25 September 2019

From "Shashlik Live" to "Smart Voting": the takeaways from the Moscow city elections

Despite being barred from running in the Moscow city elections on 8 September, the opposition were able to claim small victories by successfully mobilising their supporters to stage mass rallies and reduce United Russia's majority in the city government.

In July, Moscow's electoral commission banned Lyubov Sobol, Ilya Yashin and dozens of other opposition candidates from running in the Moscow City Duma elections on 8 September. The decision catalysed a series of mass protests, drawing tens of thousands of people who gathered in defiance of police violence and local authorities banning most of the demonstrations. In one approved rally on Sakharov Avenue on 10 August, more than 50,000 people were estimated to have gathered, a turnout large enough to draw comparisons to the mass anti-government protests in 2011-12.

While local elections typically attract little attention, this year's city elections were a significant occasion for both the opposition and the Kremlin's allies. For the city government, the vote was held at a time when the ruling United Russia party became so unpopular that dozens of its members ran as independents. What had been described as a 'social contract' - the public allowing the Kremlin to consolidate its power in exchange for economic growth and social stability - that once gave Putin and his allies popular support during his early years in power has been broken by years of growing inequality and a stagnant economy. At a time of growing discontent, pro-Kremlin candidates needed to win to ward off challenges to their power.

For opposition supporters, even a few victories in the elections would have been a sign of hope, a possibility to affect political change in the country's capital. While opposition candidates were barred from the ballot, they did succeed in mobilising supporters to create a show of defiance big enough to test the city government's playbook. The city government tried the usual hardline tactics of arresting opposition figures, banning protests and deploying riot police to beat, arrest and imprison the protesters.
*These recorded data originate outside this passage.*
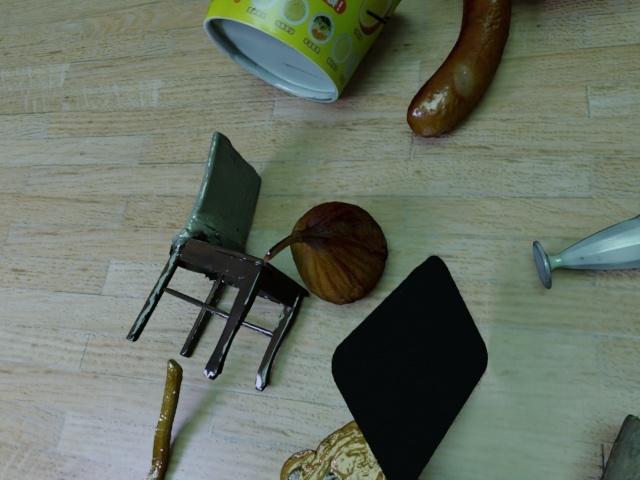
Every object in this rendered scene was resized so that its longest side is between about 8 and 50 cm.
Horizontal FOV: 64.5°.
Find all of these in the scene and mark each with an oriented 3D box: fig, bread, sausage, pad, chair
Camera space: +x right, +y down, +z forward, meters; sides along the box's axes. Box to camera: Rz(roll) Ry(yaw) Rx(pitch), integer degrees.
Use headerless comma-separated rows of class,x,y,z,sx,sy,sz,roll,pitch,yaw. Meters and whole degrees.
fig,0.000,0.000,0.673,0.134,0.201,0.146,-46,55,10
bread,0.043,0.294,0.573,0.149,0.143,0.158,-22,64,-1
sausage,0.226,-0.287,0.781,0.103,0.076,0.302,16,73,30
pad,0.059,0.071,0.575,0.323,0.055,0.250,49,46,7
chair,-0.114,0.025,0.721,0.186,0.160,0.319,15,75,27

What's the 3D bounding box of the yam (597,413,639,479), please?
yam,0.315,0.321,0.469,0.161,0.161,0.268,25,78,24

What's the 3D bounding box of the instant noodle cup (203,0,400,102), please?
instant noodle cup,-0.030,-0.372,0.783,0.311,0.311,0.221,24,87,24

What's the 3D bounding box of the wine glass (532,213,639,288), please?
wine glass,0.352,0.012,0.630,0.155,0.073,0.073,-14,66,15

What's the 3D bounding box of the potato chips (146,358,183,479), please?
potato chips,-0.215,0.257,0.695,0.026,0.037,0.203,15,98,5
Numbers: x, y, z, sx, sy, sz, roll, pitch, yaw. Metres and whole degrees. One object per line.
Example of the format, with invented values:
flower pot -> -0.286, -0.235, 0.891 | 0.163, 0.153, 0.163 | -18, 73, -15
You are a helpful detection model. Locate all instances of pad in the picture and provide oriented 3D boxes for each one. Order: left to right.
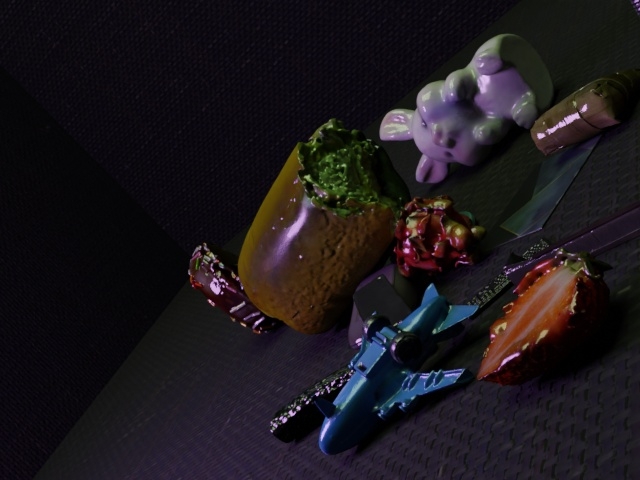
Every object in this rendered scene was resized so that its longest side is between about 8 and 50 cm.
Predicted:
pad -> 0.348, -0.074, 1.509 | 0.243, 0.004, 0.164 | -50, 12, -33

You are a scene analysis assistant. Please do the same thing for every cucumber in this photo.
cucumber -> 0.015, 0.229, 1.418 | 0.215, 0.052, 0.058 | -39, 3, 23

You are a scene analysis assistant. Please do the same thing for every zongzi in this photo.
zongzi -> 0.437, -0.217, 1.548 | 0.160, 0.078, 0.176 | -24, 12, 43

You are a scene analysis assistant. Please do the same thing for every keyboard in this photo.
keyboard -> 0.259, 0.052, 1.317 | 0.155, 0.010, 0.053 | -42, 11, 7

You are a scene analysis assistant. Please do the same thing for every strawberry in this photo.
strawberry -> 0.244, 0.094, 1.020 | 0.187, 0.082, 0.146 | -49, 4, 7

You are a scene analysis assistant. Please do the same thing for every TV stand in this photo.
TV stand -> 0.338, -0.010, 1.178 | 0.256, 0.040, 0.049 | -33, 14, 45

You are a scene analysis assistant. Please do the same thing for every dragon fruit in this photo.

Local authorities also announced a last-minute "Shashlik Live" music festival to coincide with an opposition protest on 3 August, before organising another food and music festival on the day of the next demonstration a week later. However, neither the carrot nor the stick deterred opposition supporters from gathering in their thousands.

Despite being barred from running, the opposition also claimed another small victory on the day of the vote by cutting United Russia's majority in the Moscow City Duma. After its supporters took part in "Smart Voting" - a strategy to back the most viable rival against a United Russia-affiliated candidate - United Russia's share of seats was reduced from 38 seats to 25 in the 45-seat city government. While most of those who unseated pro-Kremlin candidates were Communists and other members of the "systemic opposition" - nominally opposition politicians who remain loyal to the Kremlin - the results served as an indication that voters are no longer passive and indifferent to the status quo.

After nearly 20 years of President Vladimir Putin in power, Russians are increasingly becoming impatient with the country's static political system and giving their support to opposition candidates who promise change. With Putin in his fourth and possibly final term as president, the large-scale demonstrations of July and August are unlikely to be the last. The reaction to the opposition candidates' ban has shown that even relatively low-importance occasions like the city election can mobilise thousands of people and lead to a showdown between pro-Kremlin allies and the opposition. In anticipation of post-Putin Russia, the opposition is likely to continue mobilising and gaining greater momentum, while authorities are likely to resist its rise just as strongly.